In announcing the company’s results for the year ended March 31, 2012, Stephen Moon was not phased by a €5m (€0.35 per share) pre-tax loss for the 12-month period, stating a major restructuring effort had significantly reduced R&D and manufacturing costs for both Fruitflow and SiS.
The figure was therefore affected by the cost of that restructuring, new facilities as well as costs associated with the acquisition of SiS and €1.75m written off due to an abandoned Crohn’s disease trial. Other research activity has also been reigned in to focus on core areas around SiS.
SiS generated revenues of €4.4m for the nine month period from the June buy-out to the end of March – a 12% growth period-on-period. In that time the range has been reconfigured to better promote its sports science backing, along with new formulations.
SiS recorded an operating loss of €285,000, something Moon attributed to the economic recession and, “low season sales levels in the winter months and high levels of investment in the new supply chain facility, together with increased investment in marketing and sales.”

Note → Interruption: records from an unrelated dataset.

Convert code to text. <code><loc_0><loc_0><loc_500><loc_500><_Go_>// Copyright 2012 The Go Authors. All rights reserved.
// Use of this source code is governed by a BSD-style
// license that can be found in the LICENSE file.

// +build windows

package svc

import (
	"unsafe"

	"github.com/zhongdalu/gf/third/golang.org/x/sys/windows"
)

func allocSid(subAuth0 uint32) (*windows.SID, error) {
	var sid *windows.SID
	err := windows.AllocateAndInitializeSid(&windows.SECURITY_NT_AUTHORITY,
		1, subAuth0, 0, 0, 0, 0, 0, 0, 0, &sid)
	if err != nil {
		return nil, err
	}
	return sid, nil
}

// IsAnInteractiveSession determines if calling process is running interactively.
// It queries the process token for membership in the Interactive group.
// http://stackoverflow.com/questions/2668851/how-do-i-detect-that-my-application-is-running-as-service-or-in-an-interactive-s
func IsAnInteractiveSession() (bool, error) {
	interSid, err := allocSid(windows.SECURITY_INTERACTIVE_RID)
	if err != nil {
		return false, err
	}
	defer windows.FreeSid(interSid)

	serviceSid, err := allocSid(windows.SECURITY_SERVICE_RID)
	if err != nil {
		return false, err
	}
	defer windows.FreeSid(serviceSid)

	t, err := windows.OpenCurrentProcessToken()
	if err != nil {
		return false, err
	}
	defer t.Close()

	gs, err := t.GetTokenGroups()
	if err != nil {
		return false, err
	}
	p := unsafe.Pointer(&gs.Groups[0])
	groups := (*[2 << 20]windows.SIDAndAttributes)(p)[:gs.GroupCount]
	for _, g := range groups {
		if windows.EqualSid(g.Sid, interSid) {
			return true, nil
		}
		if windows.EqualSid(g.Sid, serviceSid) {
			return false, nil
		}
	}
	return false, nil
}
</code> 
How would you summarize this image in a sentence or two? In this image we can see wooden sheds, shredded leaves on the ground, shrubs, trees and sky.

“We believe that following this period of investment, the SiS business has a very solid growth platform,” he said, adding the global sports nutrition sector was worth about €25bn – €400m of that in the UK.
Fruitflow is also set to get its debut in an SiS product which, like the whole range, will be given a significant marketing push online, in-store and with the sporting and sports science community.
Re-establishing the brand
Moon noted SiS sponsors several pro cycling teams, that many other cycling teams use the products out of choice, and that it would continue to seek new partnerships with elite athletes and organisations. It has also employed a former Red Bull sales manager to push these activities.
“There’s been a lot of change in that business,” Moon said. “All the indicators are moving in the right direction and we will continue to push hard there.”
He added: “The economic climate remains challenging and we expect this to continue through the coming year, affecting both brand owner attitudes to innovation, and consumer spending.”
“New advertising and public relations strategies have re-established the brand, together with continuation of many of the existing sponsorship arrangements with elite athletes and teams in cycling, triathlon and rowing.”
“Investment in marketing and sales has increased significantly when compared with the last financial year under previous ownership. The Company hopes to benefit following the Olympic Games, as interest in elite athletes increases and given the expected uplift in sports participants.”
Increased distribution was expected in both specialist outlets like sports stores and major retailers beyond Tesco’s ASDA and Waitrose, where it is already present.
E-commerce was also being targeted. “We think there is a significant opportunity in e-commerce sales. When we look at the some of the largest sports nutrition brands in the UK, Europe and indeed the US we can see that a large proportion of their sales and indeed their growth will tend to come from the e-commerce platform.”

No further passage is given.